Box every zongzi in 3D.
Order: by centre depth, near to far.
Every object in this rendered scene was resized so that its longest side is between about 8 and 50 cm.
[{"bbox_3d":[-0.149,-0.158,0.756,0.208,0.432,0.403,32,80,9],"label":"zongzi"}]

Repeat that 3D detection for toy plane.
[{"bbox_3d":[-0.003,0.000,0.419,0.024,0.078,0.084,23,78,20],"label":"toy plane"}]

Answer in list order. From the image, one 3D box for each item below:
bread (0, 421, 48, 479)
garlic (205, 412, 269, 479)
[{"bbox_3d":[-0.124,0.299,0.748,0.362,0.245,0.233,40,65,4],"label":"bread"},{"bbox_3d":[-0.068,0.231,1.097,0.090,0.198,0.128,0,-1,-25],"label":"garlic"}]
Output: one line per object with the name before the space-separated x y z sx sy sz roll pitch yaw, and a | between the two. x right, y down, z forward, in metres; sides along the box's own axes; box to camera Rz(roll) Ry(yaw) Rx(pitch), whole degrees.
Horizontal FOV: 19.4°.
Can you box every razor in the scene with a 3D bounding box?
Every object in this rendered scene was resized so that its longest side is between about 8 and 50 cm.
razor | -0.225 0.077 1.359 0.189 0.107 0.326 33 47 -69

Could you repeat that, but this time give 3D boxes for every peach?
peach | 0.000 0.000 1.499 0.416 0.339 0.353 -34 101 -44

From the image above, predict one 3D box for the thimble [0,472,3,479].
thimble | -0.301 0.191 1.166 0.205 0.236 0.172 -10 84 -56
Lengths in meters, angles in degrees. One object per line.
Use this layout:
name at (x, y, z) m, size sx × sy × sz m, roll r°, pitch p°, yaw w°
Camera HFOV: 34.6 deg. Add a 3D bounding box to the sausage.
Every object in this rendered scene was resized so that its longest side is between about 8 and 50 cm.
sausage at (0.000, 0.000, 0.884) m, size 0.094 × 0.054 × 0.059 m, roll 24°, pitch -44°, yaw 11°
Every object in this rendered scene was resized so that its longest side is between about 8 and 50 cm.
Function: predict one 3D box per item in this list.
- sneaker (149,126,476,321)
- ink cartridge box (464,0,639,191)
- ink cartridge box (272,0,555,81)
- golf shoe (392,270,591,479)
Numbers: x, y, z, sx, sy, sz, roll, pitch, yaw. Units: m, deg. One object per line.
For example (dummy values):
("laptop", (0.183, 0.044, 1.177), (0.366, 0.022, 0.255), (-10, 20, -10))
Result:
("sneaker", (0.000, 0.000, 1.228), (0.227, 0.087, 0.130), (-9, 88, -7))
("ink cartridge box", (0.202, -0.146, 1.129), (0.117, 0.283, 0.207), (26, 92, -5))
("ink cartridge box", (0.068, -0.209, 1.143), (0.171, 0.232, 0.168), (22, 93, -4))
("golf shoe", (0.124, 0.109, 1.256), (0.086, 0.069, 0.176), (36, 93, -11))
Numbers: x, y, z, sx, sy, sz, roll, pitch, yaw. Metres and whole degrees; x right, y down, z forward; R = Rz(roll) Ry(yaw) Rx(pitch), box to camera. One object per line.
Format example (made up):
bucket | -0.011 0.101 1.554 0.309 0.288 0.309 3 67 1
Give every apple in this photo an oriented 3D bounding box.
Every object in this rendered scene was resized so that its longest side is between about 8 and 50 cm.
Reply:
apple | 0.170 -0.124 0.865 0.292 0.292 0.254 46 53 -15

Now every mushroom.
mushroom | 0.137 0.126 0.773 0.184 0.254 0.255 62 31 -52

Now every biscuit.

- _What is expected_: Using the listing, collect all lines in which the string "bounding" is found.

- _Completed exercise_:
Can you box every razor in the scene with a 3D bounding box?
Camera HFOV: 34.6 deg. Add a 3D bounding box to the sausage.
Give every apple in this photo an oriented 3D bounding box.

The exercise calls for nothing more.